* [EXERCISE GOAL] Given the material below, repeat exactly the lines from the one containing "- loafer [313, 92, 565, 317]" through the final line, and nothing else.

[[ INFORMATION SUPPLIED open ]]

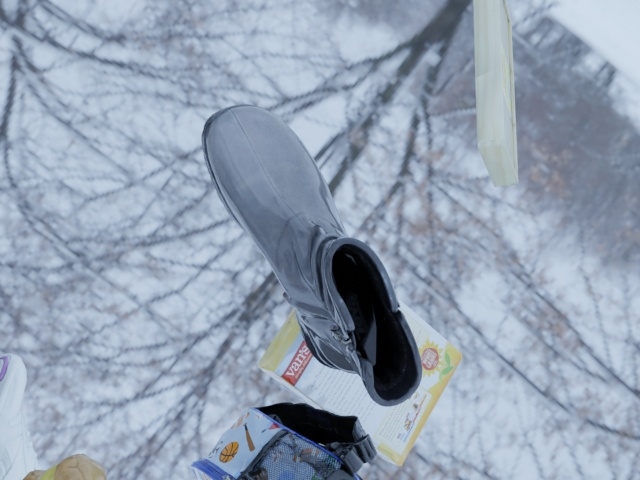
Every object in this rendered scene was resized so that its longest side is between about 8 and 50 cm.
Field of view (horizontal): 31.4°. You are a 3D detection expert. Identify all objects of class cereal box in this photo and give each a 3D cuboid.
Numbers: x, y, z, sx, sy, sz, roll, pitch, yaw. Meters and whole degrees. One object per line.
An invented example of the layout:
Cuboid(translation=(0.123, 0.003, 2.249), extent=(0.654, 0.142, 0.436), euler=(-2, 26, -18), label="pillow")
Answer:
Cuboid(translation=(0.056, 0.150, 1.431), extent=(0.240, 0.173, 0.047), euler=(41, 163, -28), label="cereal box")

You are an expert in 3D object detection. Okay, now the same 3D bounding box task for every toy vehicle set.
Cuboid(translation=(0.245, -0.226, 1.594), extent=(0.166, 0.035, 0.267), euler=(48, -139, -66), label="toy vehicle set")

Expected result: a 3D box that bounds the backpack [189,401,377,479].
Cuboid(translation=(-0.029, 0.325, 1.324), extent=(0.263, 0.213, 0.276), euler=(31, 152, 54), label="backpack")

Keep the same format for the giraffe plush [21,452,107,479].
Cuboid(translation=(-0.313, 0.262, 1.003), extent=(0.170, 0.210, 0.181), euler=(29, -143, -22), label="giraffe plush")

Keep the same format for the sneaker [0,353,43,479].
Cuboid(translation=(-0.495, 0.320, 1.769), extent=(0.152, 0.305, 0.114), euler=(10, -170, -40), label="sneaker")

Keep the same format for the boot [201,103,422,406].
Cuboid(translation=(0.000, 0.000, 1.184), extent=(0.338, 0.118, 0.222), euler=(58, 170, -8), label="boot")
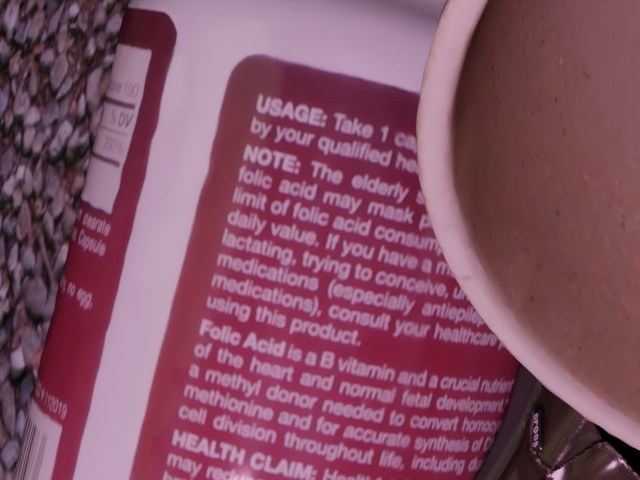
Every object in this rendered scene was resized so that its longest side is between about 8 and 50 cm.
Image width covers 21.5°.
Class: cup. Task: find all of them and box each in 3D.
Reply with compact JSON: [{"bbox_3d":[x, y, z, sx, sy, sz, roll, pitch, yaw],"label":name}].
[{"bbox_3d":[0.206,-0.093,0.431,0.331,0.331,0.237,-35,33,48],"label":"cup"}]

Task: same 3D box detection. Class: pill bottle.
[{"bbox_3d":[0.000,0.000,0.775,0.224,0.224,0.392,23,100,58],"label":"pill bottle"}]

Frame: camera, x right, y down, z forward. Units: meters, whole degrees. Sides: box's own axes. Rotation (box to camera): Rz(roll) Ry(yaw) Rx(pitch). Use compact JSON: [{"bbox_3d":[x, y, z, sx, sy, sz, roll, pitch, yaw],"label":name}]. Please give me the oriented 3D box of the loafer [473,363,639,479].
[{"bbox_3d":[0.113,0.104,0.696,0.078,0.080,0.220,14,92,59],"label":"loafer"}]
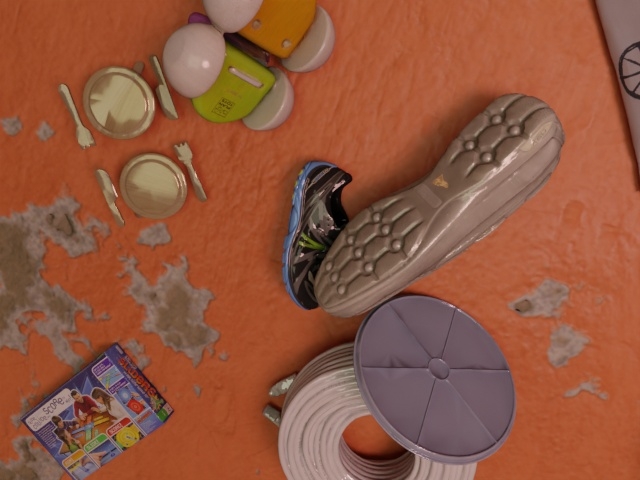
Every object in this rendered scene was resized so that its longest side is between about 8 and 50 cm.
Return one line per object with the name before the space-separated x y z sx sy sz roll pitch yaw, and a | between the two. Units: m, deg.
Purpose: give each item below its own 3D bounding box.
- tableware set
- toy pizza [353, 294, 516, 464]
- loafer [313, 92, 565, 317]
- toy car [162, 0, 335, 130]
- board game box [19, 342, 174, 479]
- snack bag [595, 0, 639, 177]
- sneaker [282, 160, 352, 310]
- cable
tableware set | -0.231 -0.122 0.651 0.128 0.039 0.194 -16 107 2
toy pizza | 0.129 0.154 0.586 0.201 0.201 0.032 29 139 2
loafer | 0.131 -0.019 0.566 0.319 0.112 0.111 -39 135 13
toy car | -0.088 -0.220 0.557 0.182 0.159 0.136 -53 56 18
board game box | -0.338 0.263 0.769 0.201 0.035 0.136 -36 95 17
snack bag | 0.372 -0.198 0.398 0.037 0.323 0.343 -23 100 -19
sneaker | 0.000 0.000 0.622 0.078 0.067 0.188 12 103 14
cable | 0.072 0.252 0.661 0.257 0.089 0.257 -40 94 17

[[ INFORMATION SUPPLIED closed ]]

* [ANSWER]
- loafer [313, 92, 565, 317]
- toy car [162, 0, 335, 130]
- board game box [19, 342, 174, 479]
- snack bag [595, 0, 639, 177]
- sneaker [282, 160, 352, 310]
- cable
tableware set | -0.231 -0.122 0.651 0.128 0.039 0.194 -16 107 2
toy pizza | 0.129 0.154 0.586 0.201 0.201 0.032 29 139 2
loafer | 0.131 -0.019 0.566 0.319 0.112 0.111 -39 135 13
toy car | -0.088 -0.220 0.557 0.182 0.159 0.136 -53 56 18
board game box | -0.338 0.263 0.769 0.201 0.035 0.136 -36 95 17
snack bag | 0.372 -0.198 0.398 0.037 0.323 0.343 -23 100 -19
sneaker | 0.000 0.000 0.622 0.078 0.067 0.188 12 103 14
cable | 0.072 0.252 0.661 0.257 0.089 0.257 -40 94 17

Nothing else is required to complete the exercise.